Join SharePoint Lists with LINQ

I just read yet another post by Adam Buenz that got me thinking, this time about querying multiple SharePoint lists. Here’s the code he came up with:

var resultSet  = list1.Items.Cast<SPListItem>()
.Where(i => Equals (String.Compare(i["Property To Match #1"].ToString(), "Example String Literal"), 0))
.SelectMany(x => list2.Items.Cast<SPListItem>()
    .Where(i => Equals(String.Compare(new SPFieldLookupValue(x["Client"].ToString()).LookupValue, (string) i["Property To Match #2"]), 0)));

My first thought was that we could make it more readable with LINQ syntax:

var res = from SPListItem pi in list1.Items
          where pi["Property To Match #1"] as string == "Example String Literal"
          from SPListItem ci in list2.Items
          where new SPFieldLookupValue(ci["Client"] as string).LookupValue == pi["Property To Match #2"]
          select new { Parent = pi, Child = ci };

Behind the scenes, this will translate into equivalent extension method calls. The other adjustments are based on personal preference: ToString() can cause null reference exceptions, as string will not; and String.Compare() != String.Equals().

Next, let’s optimize the actual SharePoint queries. As a general rule we should always specify the desired ViewFields to eliminate unused data, and our first where clause should be handled with CAML if possible [see also, Is it a good idea to use lambda expressions for querying SharePoint data?].

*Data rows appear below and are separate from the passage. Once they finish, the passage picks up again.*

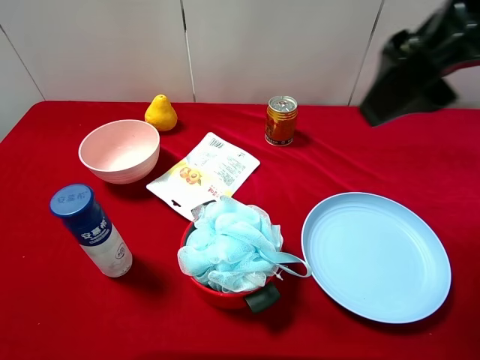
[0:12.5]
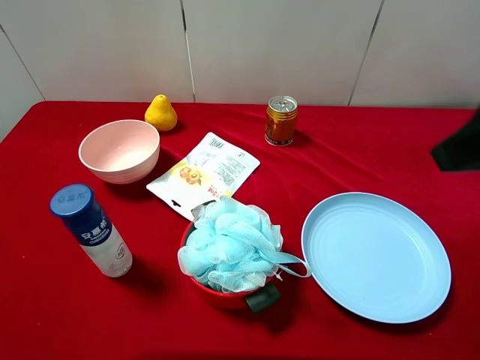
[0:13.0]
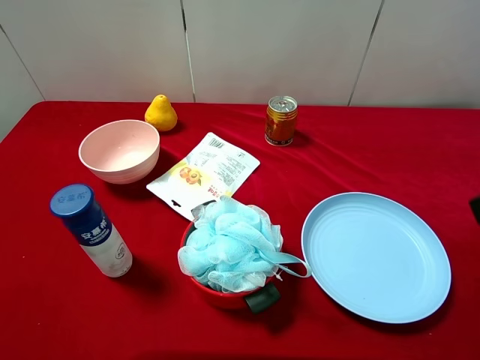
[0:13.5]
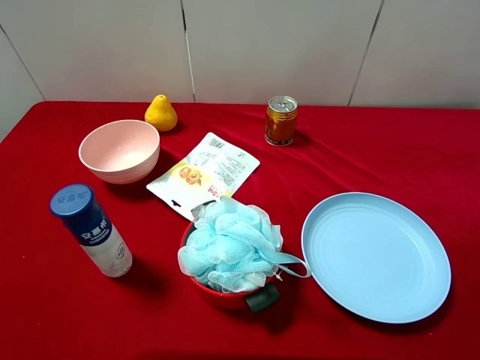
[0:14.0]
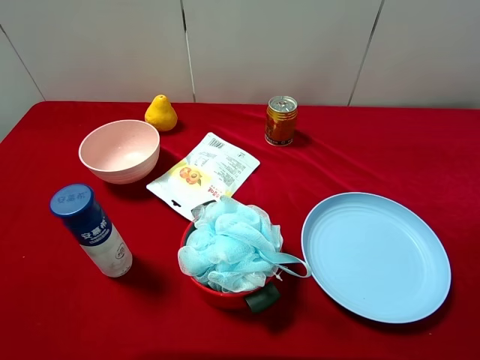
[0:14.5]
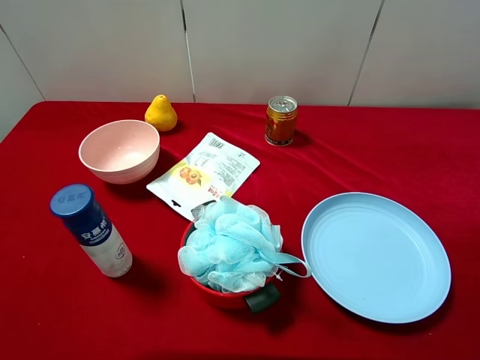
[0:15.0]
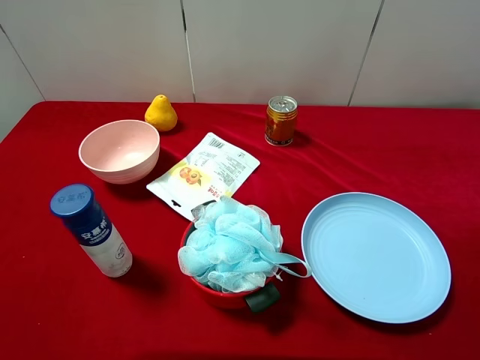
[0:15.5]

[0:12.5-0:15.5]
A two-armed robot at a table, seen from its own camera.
Task of the whole recording: pick up an item with a gripper and place it in a random container on the desktop.
0:12.5 to 0:14.0: The right gripper shifts some 20 cm backward, to the right and downward.
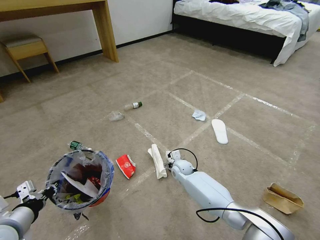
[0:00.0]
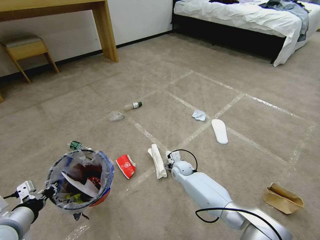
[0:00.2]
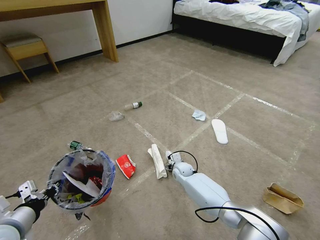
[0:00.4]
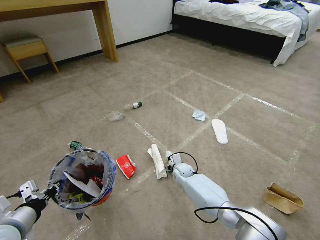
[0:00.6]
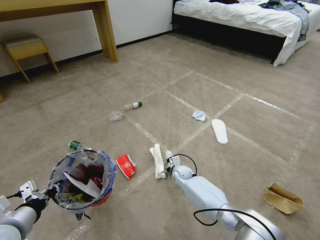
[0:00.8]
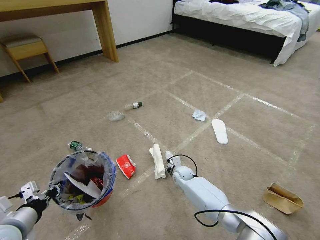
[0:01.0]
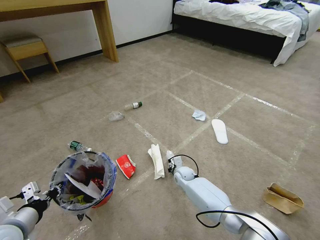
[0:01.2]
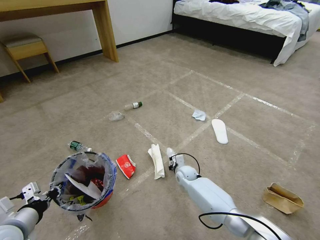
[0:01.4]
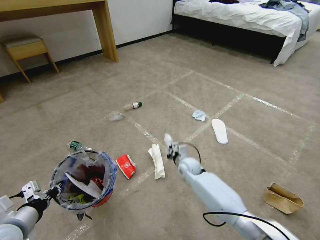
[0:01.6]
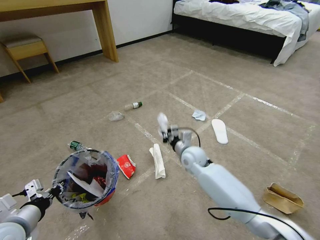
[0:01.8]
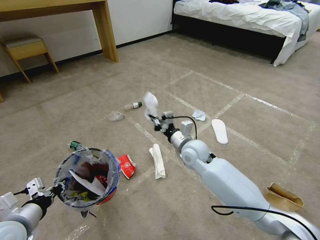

var pItems = list1.GetItems(new SPQuery() {
    Query = "... ['Property To Match #1'] == 'Example String Literal'...",
    ViewFields = "..."
});
var cItems = list2.GetItems(new SPQuery() {
    ViewFields = "..."
});
var res = from SPListItem pi in pItems
          from SPListItem ci in cItems
          where new SPFieldLookupValue(ci["Client"] as string).LookupValue == pi["Property To Match #2"]
          select new { Parent = pi, Child = ci };

Now that we’re getting our data as efficiently as possible, we can look at what LINQ is doing with them. Behind the scenes, SelectMany is essentially implemented like this:

public static IEnumerable<TResult> SelectMany<TSource, TResult>(
    this IEnumerable<TSource> source,
    Func<TSource, IEnumerable<TResult>> selector)
{
    foreach(TSource element in source)
        foreach(TResult childElement in selector(element))
            yield return childElement;
}

For each item in our parent collection (source), the entire child collection is enumerated in search of items that match the predicate. This seems rather inefficient since we’re comparing the same values each time. Conveniently, LINQ provides a join operator for this purpose:

var res = from SPListItem pi in pItems
          join SPListItem ci in cItems
              on pi["Property To Match #2"]
              equals new SPFieldLookupValue(ci["Client"] as string).LookupValue
          select new { Parent = pi, Child = ci };

Behind the scenes, this translates into a call to the Join method:

var res = pItems.Cast<SPListItem>().Join(cItems.Cast<SPListItem>(),
              pi => pi["Property To Match #2"],
              ci => new SPFieldLookupValue(ci["Client"] as string).LookupValue,
              (pi, ci) => new { Parent = pi, Child = ci }
          );

Note that the left- and right-hand sides of the equals keyword are treated separately. The left-hand side operates on the first collection, the right-hand side operates on the second collection, and obviously both expressions must return the same type. This might be easier to see from an implementation of Join:

public static IEnumerable<TResult> Join<TOuter, TInner, TKey, TResult>(
    this IEnumerable<TOuter> outer,
    IEnumerable<TInner> inner,
    Func<TOuter, TKey> outerKeySelector,
    Func<TInner, TKey> innerKeySelector,
    Func<TOuter, TInner, TResult> resultSelector)
{
    ILookup<TKey, TInner> lookup = inner.ToLookup(innerKeySelector);
    return from outerItem in outer
           from innerItem in lookup[outerKeySelector(outerItem)]
           select resultSelector(outerItem, innerItem);
}

So in our case, Join will build a lookup of all child items based on the lookup value, and then perform a SelectMany to cross join the parent items with the child items found from a lookup by the matched property. This dictionary lookup will almost certainly perform better than a full enumeration of the list, especially for larger lists and more complex keys.